The bitterness extended to the children.
"I know Suzie hits Wendy's kids sometimes, you know, when she feels like it or whatever," Ruth said to investigators. She said babies and toddlers among the 20 children in the home were sometimes left in the care of 6-year-old kids.
Ruth said Rodney Holm, meanwhile, stayed aloof from the fray, telling her to "love" her sister wives.
He spent much of his time in a laundry- and bathroom-equipped shop behind the house. He often slept in the out building, summoning whichever wife he chose to the quarters to spend the night. The wives generally followed a three-night rotation and would get hugely upset if Rodney favored one of the others on an assigned evening.
Ruth said her sister would get vicious toward her even on her assigned nights with Rodney.
"She'd call me a bitch, you know. She'd call me names and get pissed every time I was with Rod," Ruth said. "It made it miserable to live there."
Spontaneous sex was rare, but it did occur. Ruth said she sometimes had sex with Rodney at his brother Greg's Colorado City office while her husband was on police duty. This would happen on nights when Rodney was supposed to be with one of the other wives.
A month into the marriage, Ruth discovered she was pregnant.
"I cried," she said. "I felt if I wanted to leave, now . . . I couldn't."
Her daughter Maranda was born on October 5, 1999. Just more than a year later, her son Winston was born. Ruth found herself on the typical fundamentalist Mormon track that could lead to a dozen children before the age of 30.

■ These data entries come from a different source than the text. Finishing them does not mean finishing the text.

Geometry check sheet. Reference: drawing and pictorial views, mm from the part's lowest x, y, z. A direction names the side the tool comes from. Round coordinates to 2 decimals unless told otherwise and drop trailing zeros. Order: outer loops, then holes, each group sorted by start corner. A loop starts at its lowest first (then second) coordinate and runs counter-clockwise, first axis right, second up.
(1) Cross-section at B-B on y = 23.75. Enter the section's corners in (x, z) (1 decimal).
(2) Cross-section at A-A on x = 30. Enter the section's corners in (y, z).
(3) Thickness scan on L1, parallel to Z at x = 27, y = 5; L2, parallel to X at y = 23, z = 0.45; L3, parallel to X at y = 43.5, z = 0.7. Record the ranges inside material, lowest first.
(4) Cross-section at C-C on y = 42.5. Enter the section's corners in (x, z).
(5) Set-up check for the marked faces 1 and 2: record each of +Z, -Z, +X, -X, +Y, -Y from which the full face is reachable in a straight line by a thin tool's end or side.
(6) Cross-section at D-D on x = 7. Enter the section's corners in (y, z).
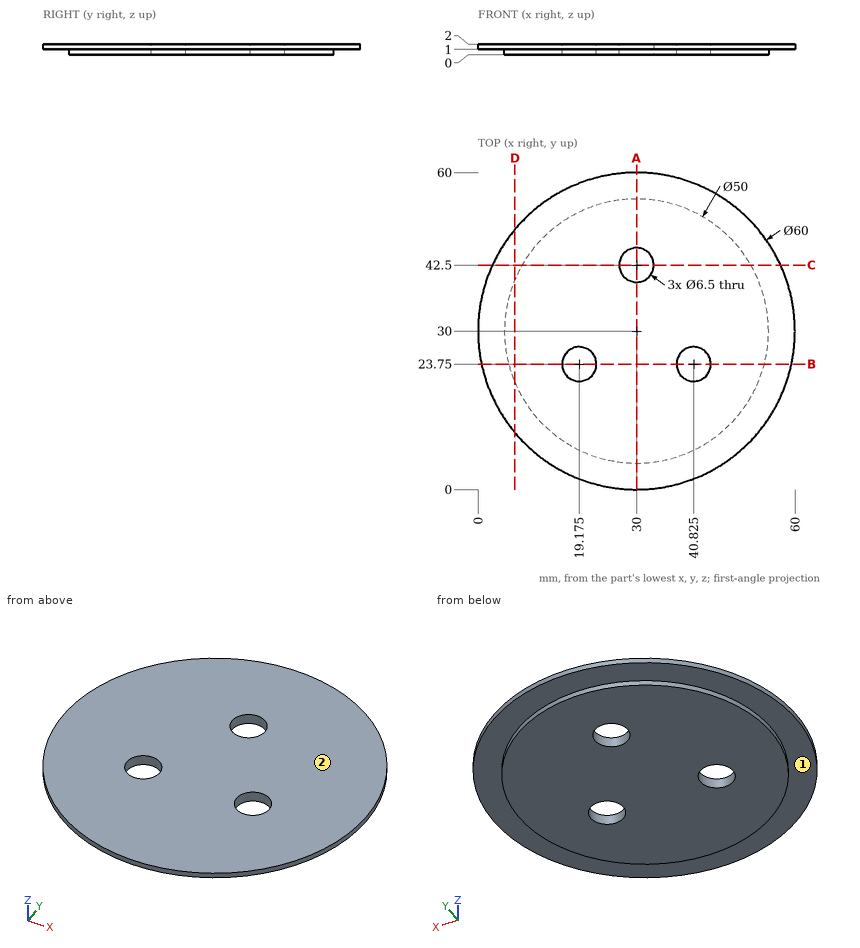
Found:
1. outline: (0.7, 1) - (5.8, 1) - (5.8, 0) - (15.9, 0) - (15.9, 2) - (0.7, 2) - close; (22.4, 0) - (37.6, 0) - (37.6, 2) - (22.4, 2) - close; (44.1, 0) - (54.2, 0) - (54.2, 1) - (59.3, 1) - (59.3, 2) - (44.1, 2) - close
2. outline: (0, 1) - (5, 1) - (5, 0) - (39.25, 0) - (39.25, 2) - (0, 2) - close; (45.75, 0) - (55, 0) - (55, 1) - (60, 1) - (60, 2) - (45.75, 2) - close
3. L1: z = 1 to 2
3. L2: x = 6 to 16.01, 22.34 to 37.66, 43.99 to 54
3. L3: x = 8.96 to 26.91, 33.09 to 51.04
4. outline: (2.73, 1) - (8.35, 1) - (8.35, 0) - (26.75, 0) - (26.75, 2) - (2.73, 2) - close; (33.25, 0) - (51.65, 0) - (51.65, 1) - (57.27, 1) - (57.27, 2) - (33.25, 2) - close
5. face 1: -Z
5. face 2: +Z, +X, -X, +Y, -Y
6. outline: (10.74, 1) - (20.2, 1) - (20.2, 0) - (39.8, 0) - (39.8, 1) - (49.26, 1) - (49.26, 2) - (10.74, 2) - close

Two years into the marriage, Ruth said, she began discussing with her sister the possibility of leaving. Suzie strongly objected.
"If you leave right now, it's going to make Wendy so happy," Ruth said her sister told her. "Don't leave! Don't leave!"
Rodney soon discovered her desire to get out and began haranguing her. "That's what the devil wants you to do," Ruth said he told her.
Rodney took Ruth to see Prophet Rulon Jeffs' son, Warren, who had become the "mouthpiece" for his ailing father.
Ruth said Warren Jeffs spat out a frightening warning: "You can either live here and live in hell, and then when you die have eternal happiness. Or else, you can go out into the world and live in hell and die and even have more eternal hell."
With each passing day after that, the now 18-year-old Ruth – pregnant with her third child – became more and more depressed.
"I thought a lot about, you know, maybe, you know, the Lord will love me enough to take my life, you know, and get me out of here."
Girls Brainwashed
The Arizona grand jury investigation into Colorado City begun under former attorney general and now governor Janet Napolitano has continued under her successor, Terry Goddard.